Quem me vê... vê que a minha vida não se tornou melhor nem pior, que as ''importâncias'' foram transferidas, que tudo segue seu rumo, e de repente seu riso não tem mais graça, embora a meiguisse nunca tenha me deixado; os velhos problemas foram substituídos mas tudo continua bom, porque conheço pessoas incríveis todos os dias.
Quem te viu, amigo... quem te viu por meus olhos sabe que eras alguém em quem podia confiar meus segredos, alguém que admirava, que torcia para ser feliz.
Quem me vê... vê também que perdi minha admiração, que sua presença se tornou indiferente, e percebo quando me olhas com ressentimento por algo que não fiz.
Quem te viu, família... pelos meus olhos, qualquer um te veria como fortaleza, como sinônimo de segurança e heroísmo; aos meus olhos você estava em um pedestal, um ser infalível,  respeitoso, lutador e modelo de sabedoria.
Quem me vê... não sabe aonde foi parar o conforto que sentia ao estarmos juntos, porque nunca fostes perfeito e comete muitos erros, principalmente o de não ser respeitoso. Minha admiração nunca morreu, nem meu amor, mas às vezes me vem o pensamento terrível de que só conseguiria ser quem sou, sem ser reprimida, se você fosse diferente. 
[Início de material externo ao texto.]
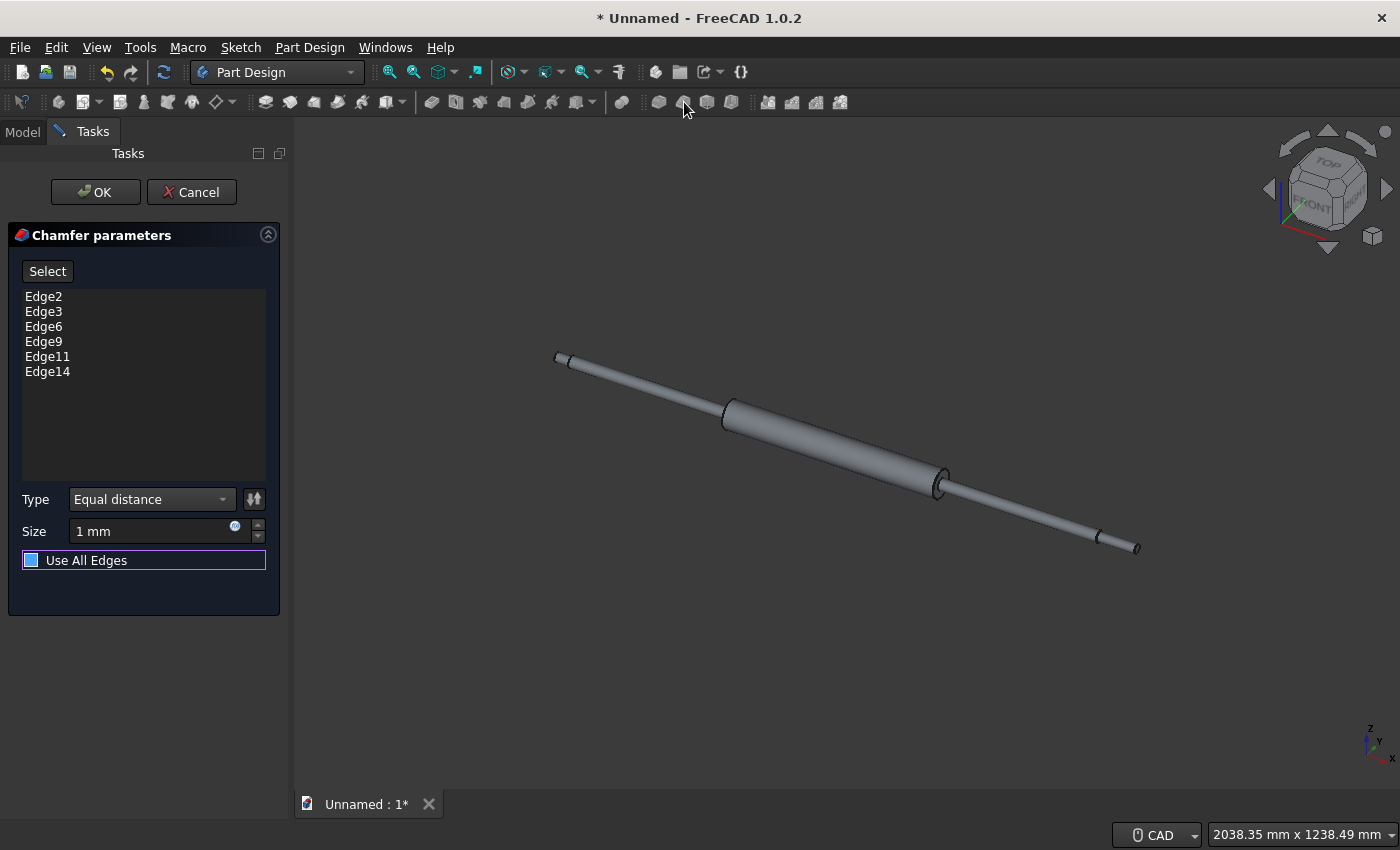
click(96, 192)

Quem me viu sabe que acreditei e desacreditei incontáveis vezes. Quem me vê sabe que deixo levar e gosto de ser assim.
Quem me vê não reconhece.
E quem me via, não vai mais ver.

Um comentário:

  1. E sempre a música pra nos dizer algo, mesmo que cale. "Nada do que foi será, de novo do jeito que já foi um dia..." ou "Eu nem sei bem com certeza, porque foi que um belo dia, quem brincava de princesa, acostumou com a fantasia"
    E "Hoje o samba saiu,Lararaia, procurando você. Quem te viu, quem te vê, quem não a conhece não pode mais ver pra crer, quem jamais a esquece não pode reconhecer."
    Ainda que sempre em mudança, as vezes nós, ou o mundo, não esqueça que "a vida é a arte do encontro, embora haja tanto desencontro pela vida, ponha um pouco de amor na sua vida, como no seu samba."